2.1.6. “User of the FitoLux LLC website (hereinafter referred to as the User) is a person who has access to and uses the FitoLux LLC website via the Internet, and uses the information, materials and products of the FitoLux LLC website

2.1.7. “Confidentiality of personal data” is a requirement that the Operator or another person who has gained access to personal data must comply with to prevent their dissemination without the consent of the subject of personal data or the presence of another legal basis.

2.1.8. “Cookies” is a small piece of data sent by the web server by faith and stored on the user’s computer, which the web client or web browser sends to the web server in an HTTP request each time an attempt is made to open a page of the corresponding site.

2.1.9. “IP address” — a unique network address of a node in a computer network through which the User gains access to the site.

2.1.10. “Personal data processing” — any action (operation) or set of actions (operations) performed with the use of automation tools or without the use of such tools with personal data, including collection, recording, systematization, accumulation, storage, clarification (updating, modification), extraction, use, transfer (distribution, provision, access), depersonalization, blocking, deletion, destruction of personal data.

2.1.11. Distribution of personal data — actions aimed at disclosing personal data to an indefinite number of persons;

2.1.12. Provision of personal data — actions aimed at disclosing personal data to a specific person or a specific group of persons;

2.1.13. Depersonalization of personal data — actions as a result of which it becomes impossible to determine the ownership of personal data by a specific personal data subject without the use of additional information.

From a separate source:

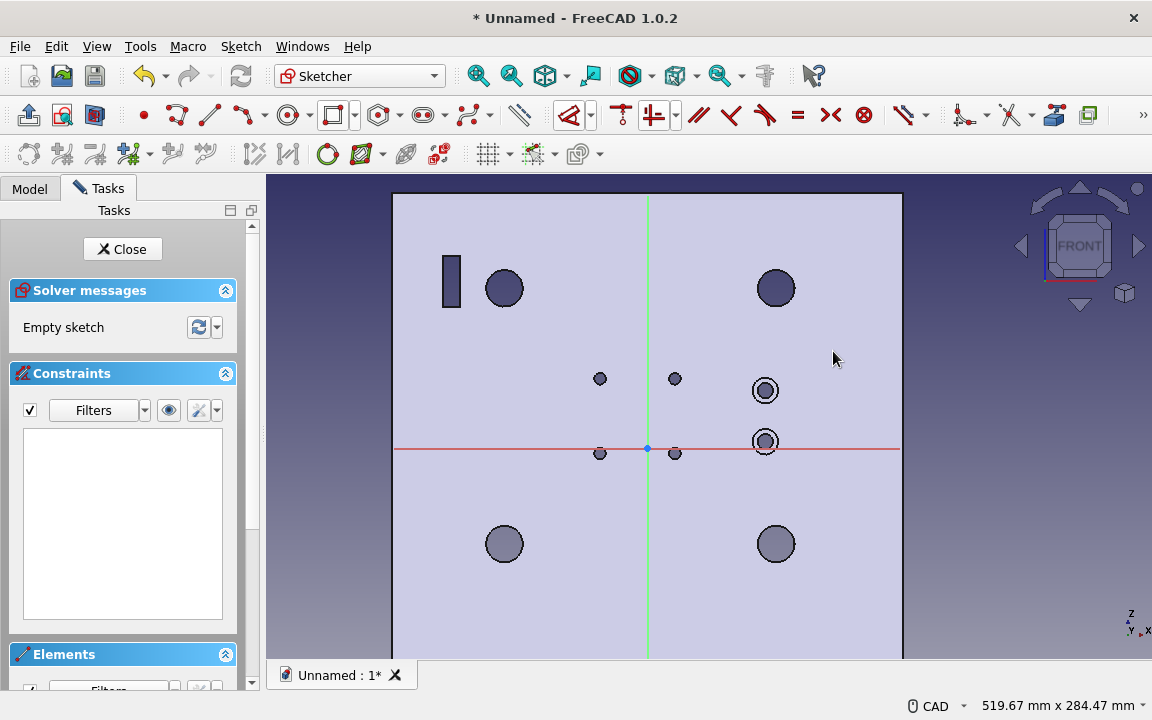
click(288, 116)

2.1.14. Blocking — temporary cessation of personal data processing (except for cases where processing is necessary to clarify personal data);

2.1.15. Destruction of personal data — actions as a result of which it becomes impossible to restore the content of personal data in the personal data information system and (or) as a result of which tangible personal data carriers are destroyed.

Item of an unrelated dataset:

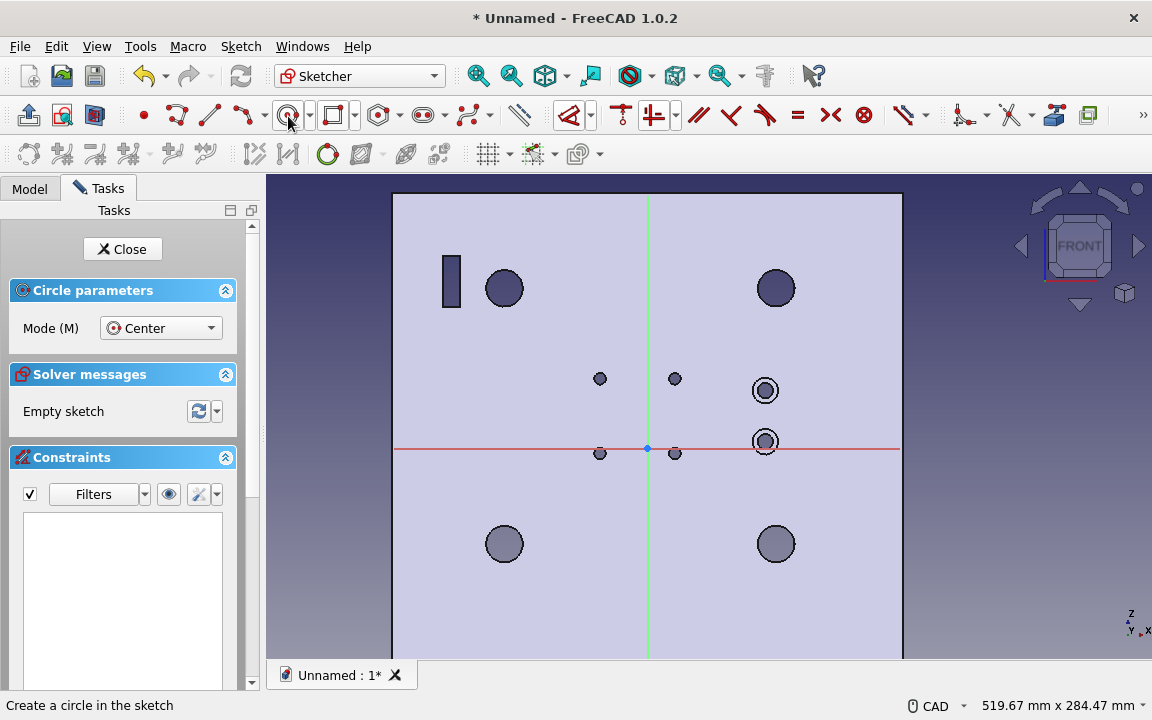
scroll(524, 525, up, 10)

2.1.16. Protection of personal data — a set of technical, organizational and organizational-technical measures aimed at protecting information related to a specific or determinable personal data subject on the basis of such information.

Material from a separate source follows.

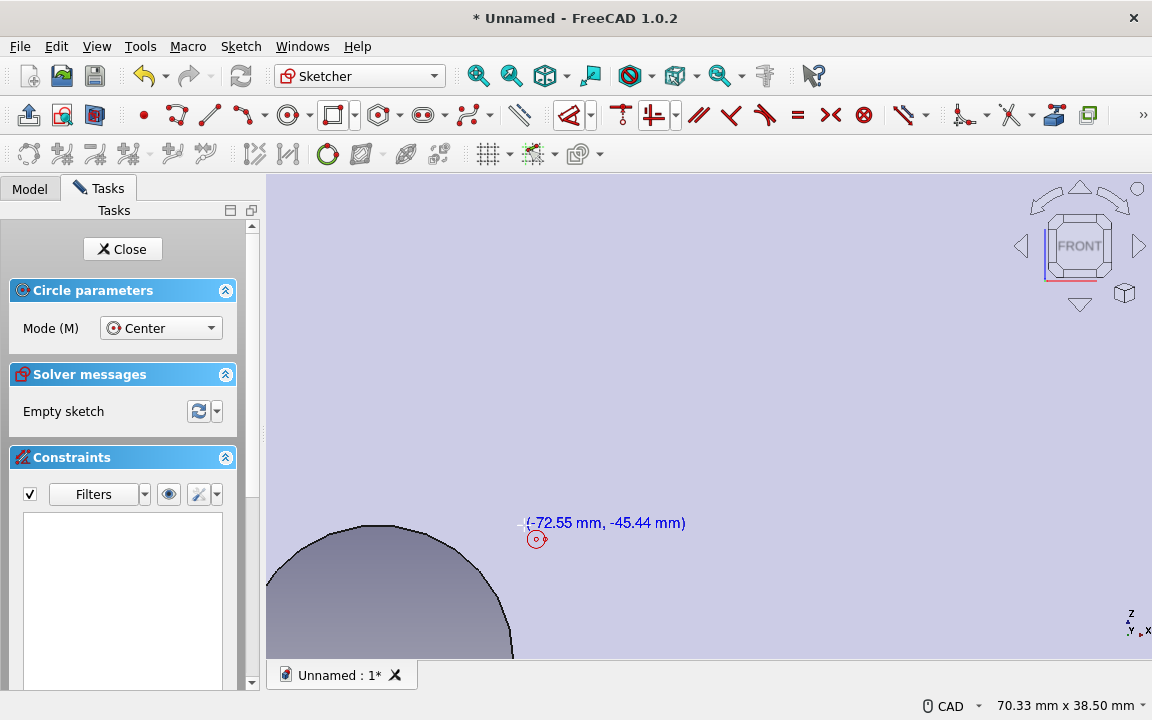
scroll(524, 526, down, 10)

2.1.17. Account – a record containing information necessary for identification of an individual, including in an online store, as well as information for authorization and accounting.

2.1.18. Personal data operator (Operator) – a state body, municipal body, legal entity or individual, independently or jointly with other persons organizing and (or) carrying out the processing of personal data, and also determining the purposes of processing personal data, the composition of personal data subject to processing, actions (operations) performed with personal data. Within the framework of the provisions of this Policy, FitoLux LLC acts as the Personal Data Operator.

2.1.19. Biometric personal data – information that characterizes the physiological and biological characteristics of a person, on the basis of which his identity can be established and which are used by the operator to establish the identity of the subject of personal data.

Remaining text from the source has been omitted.